The Unsigned Guide
- Type: Private
- Industry: Music
- Genre: Publishing
- Founded: 2003
- Founders: Stef Loukes Lee Donnelly
- Headquarters: Manchester, England
- Area served: Worldwide
- Key people: Stef Loukes Lee Donnelly Louise Dodgson Jamie Hamilton
- Products: Printed Publication Digital Subscription
- Website: theunsignedguide.com

= The Unsigned Guide =

The Unsigned Guide is an online contacts directory and careers guide for the UK music industry. Founded in 2003, and first published as a printed directory, The Unsigned Guide became an online only resource in November 2011. It is produced for emerging bands, artists, music managers, and the UK music industry and contains directory listings covering all aspects of the business from record labels, music publishers, PR companies, recording studios, managers to radio stations, venues, gig promoters, festivals and music distribution.

== Publishing details ==
The Unsigned Guide is published by mcr:music.

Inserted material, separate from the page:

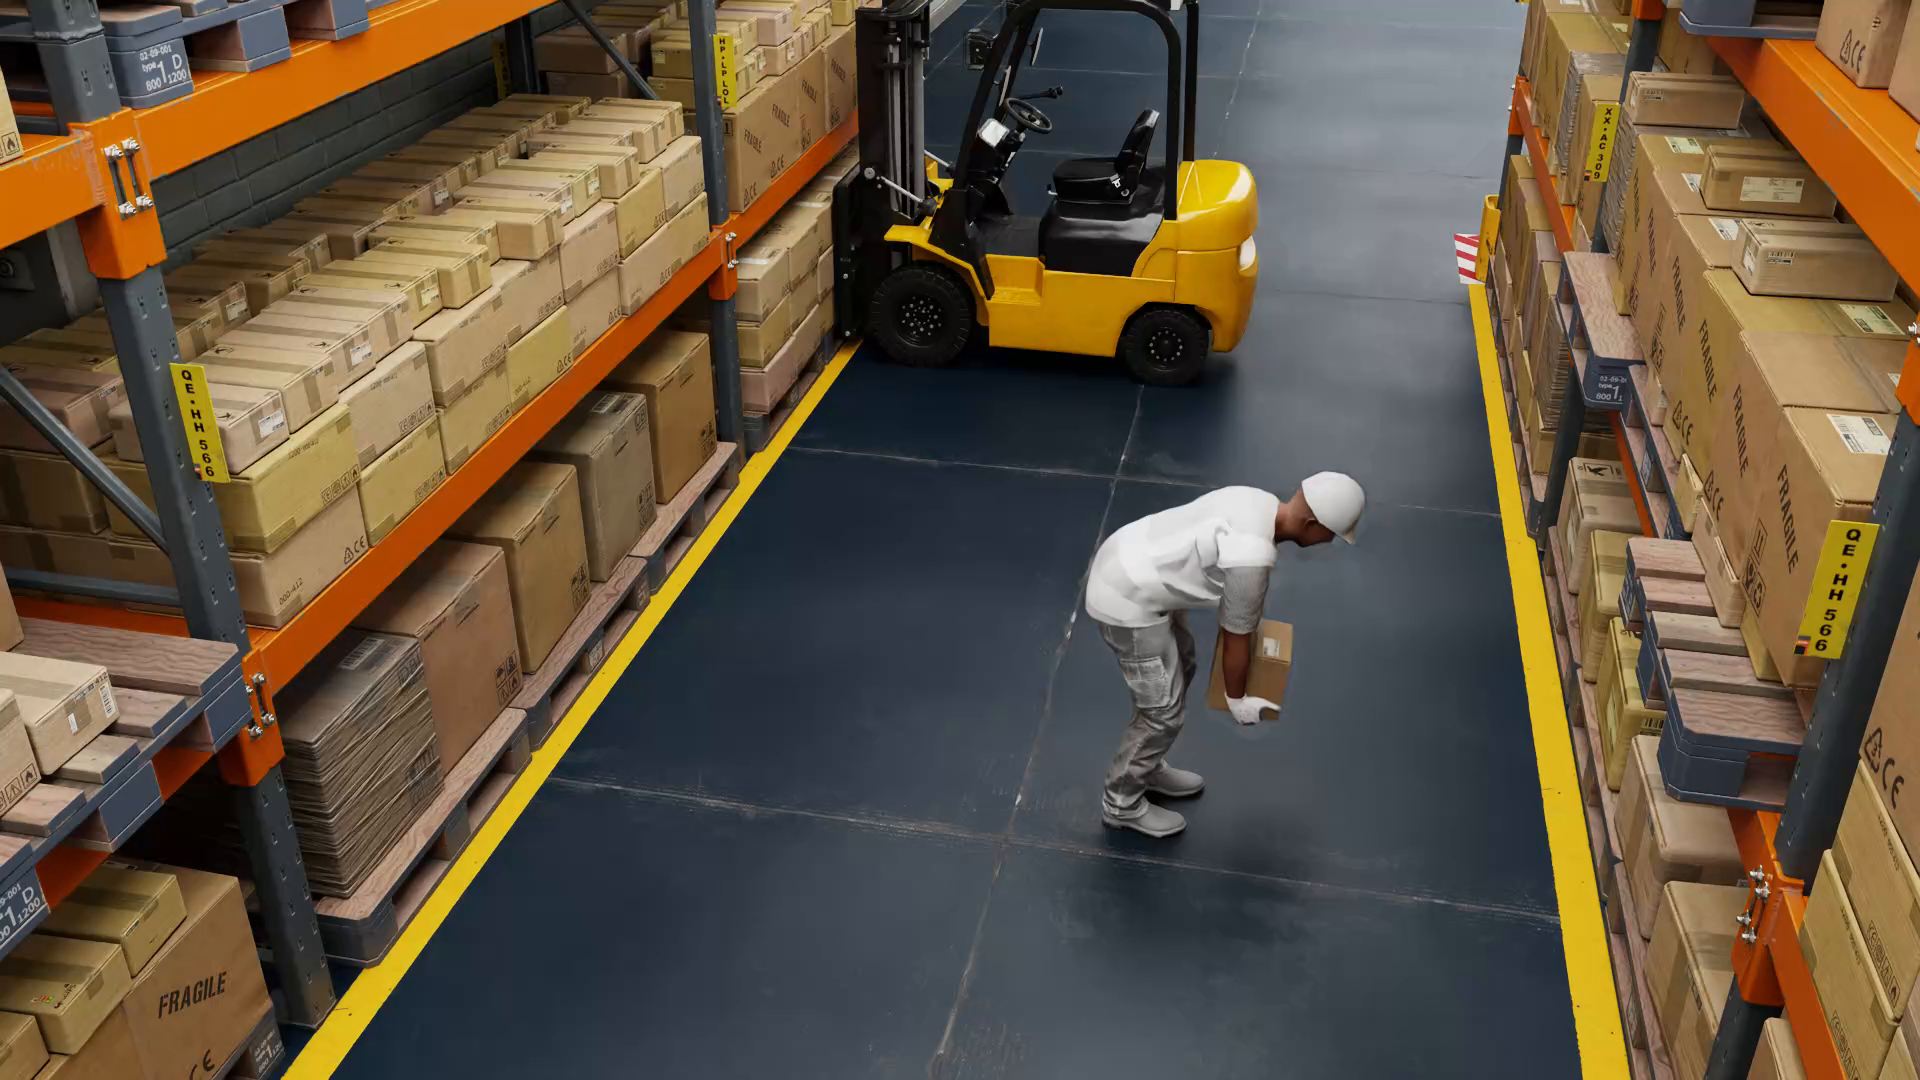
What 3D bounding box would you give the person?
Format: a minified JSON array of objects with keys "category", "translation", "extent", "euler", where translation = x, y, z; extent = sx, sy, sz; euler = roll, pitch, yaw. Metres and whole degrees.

When a printed directory The Unsigned Guide was published and revised every 12–15 months. Now an online only directory the contact listings are constantly updated throughout the year.

===Edition details===
- North West Edition 1 (2003)
- North West Edition 2 (2004)
- Greater London Edition (2005)
- UK Edition 1 (2006)
- UK Edition 2 (2007)
- UK Edition 3 (2008)
- UK Edition 4 (2010)
- The Unsigned Guide Online (2011)

===Full UK coverage===
The Unsigned Guide's directory listings cover the whole of the UK; split into 11 regions:
- Greater London
- Midlands
- North West
- North East
- East of England
- South East
- South West
- Yorkshire
- Scotland
- Northern Ireland
- Wales

===Spotlight blog===
The Guide publishes a Spotlight blog highlighting the best new music from their emerging members.